If you upload this file via WebDAV then this file should be saved within the conf/plugin-configuration/split-html-xml-filter directory of the data source.
|
Examples
The example below shows configuration of the XML or HTML split plugin to split a specific XML file and HTML file if found during the update.
Consider a web data source that crawls a set of files including the XML and HTML files shown below:
http://example.com/bookstore.xml
<libraries>
<library>
<books>
<book>
<name>Book1</name>
<link>/Book1.html</link>
</book>
<book>
<name>Mybook1</name>
<link>/MyBook1.html</link>
</book>
</books>
</library>
<library>
<books>
<book>
<name>Book2</name>
<link>/Book2.html</link>
</book>
<book>
<name>Mybook2</name>
<link>/MyBook2.html</link>
</book>
</books>
</library>
</libraries>
http://example.com/itemdirectory/search.html
<html>
<body>
<div>
<ul class="item-list">
<li class="item"> <a href="/items1.html">Item 1</a> </li>
<li class="item"> <a href="/items2.html">Item 2</a> </li>
<li class="item"> <a href="/items3.html">Item 3</a> </li>
<li class="item"> <a href="/items4.html">Item 4</a> </li>
<li class="item"> <a href="/items5.html">Item 5</a> </li>
<li class="item"> <a href="/items6.html">Item 6</a> </li>
</ul>
</div>
</body>
</html>
The web data source can be configured to split both of these pages so that the <book>
elements from the XML file and the <li class="item">
items from the HTML are all indexed as separate items.

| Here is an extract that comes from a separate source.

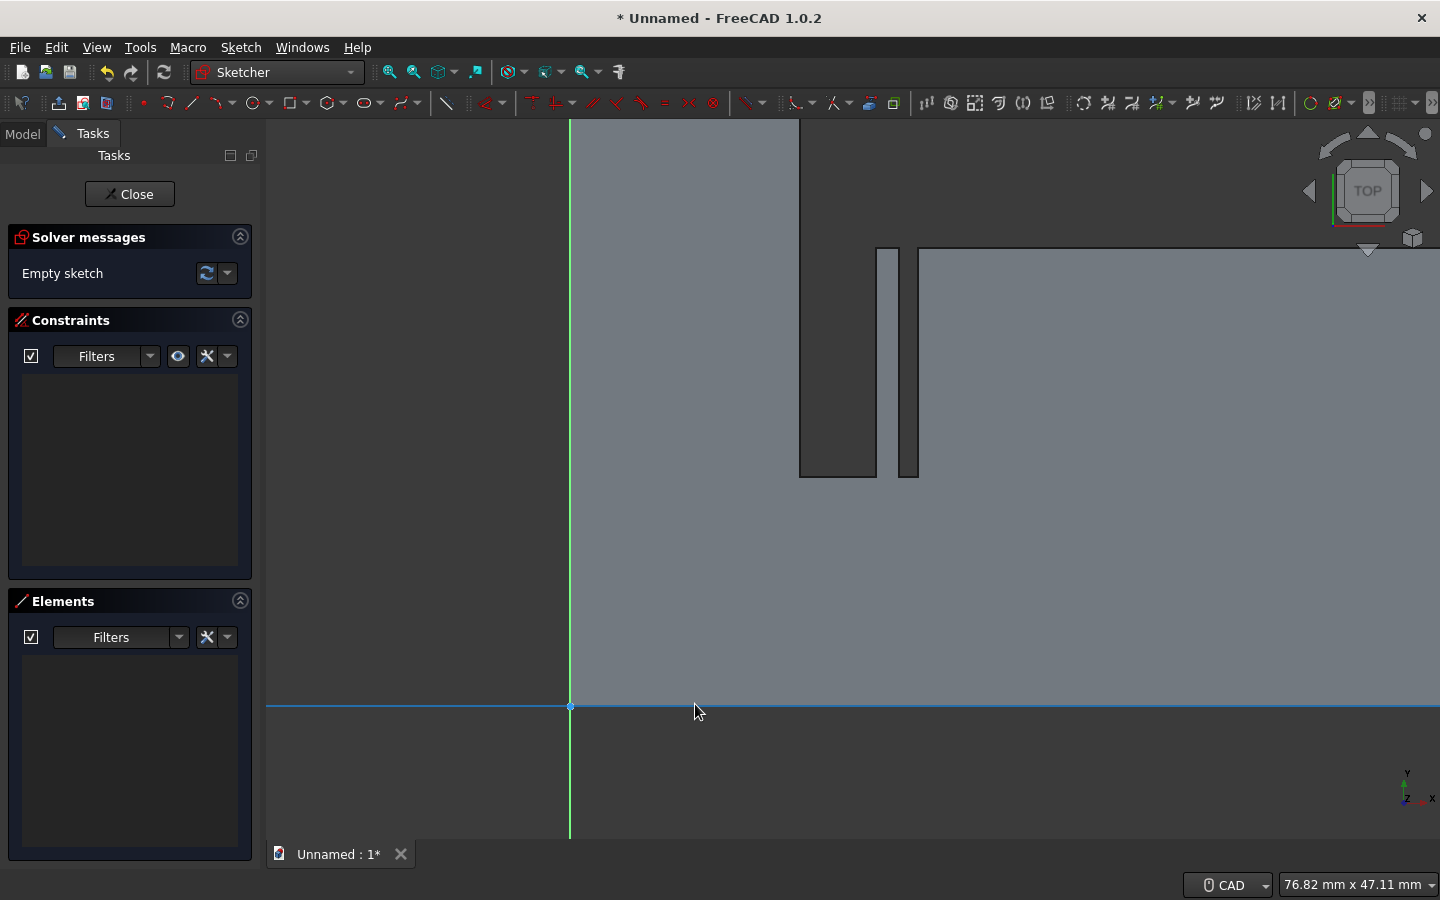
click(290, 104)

Setting the following rules in the plugin configuration:
rules.json
[
{
"url": "http://example.com/bookstore.xml",
"splitPattern": "/libraries/library/books/book",
"urlPath": "//link",
"urlFormat": "https://example.com/bookstore/books{0}"
},
{
"url": "http://example.com/itemdirectory/search.html",
"splitPattern": ".item-list .item",
"urlPath": ".item a",
"urlPathAttr": "href",
"urlFormat": "https://example.com/product{0}"
}
]
will result in two items being added to the index from the XML file, and six from the HTML file.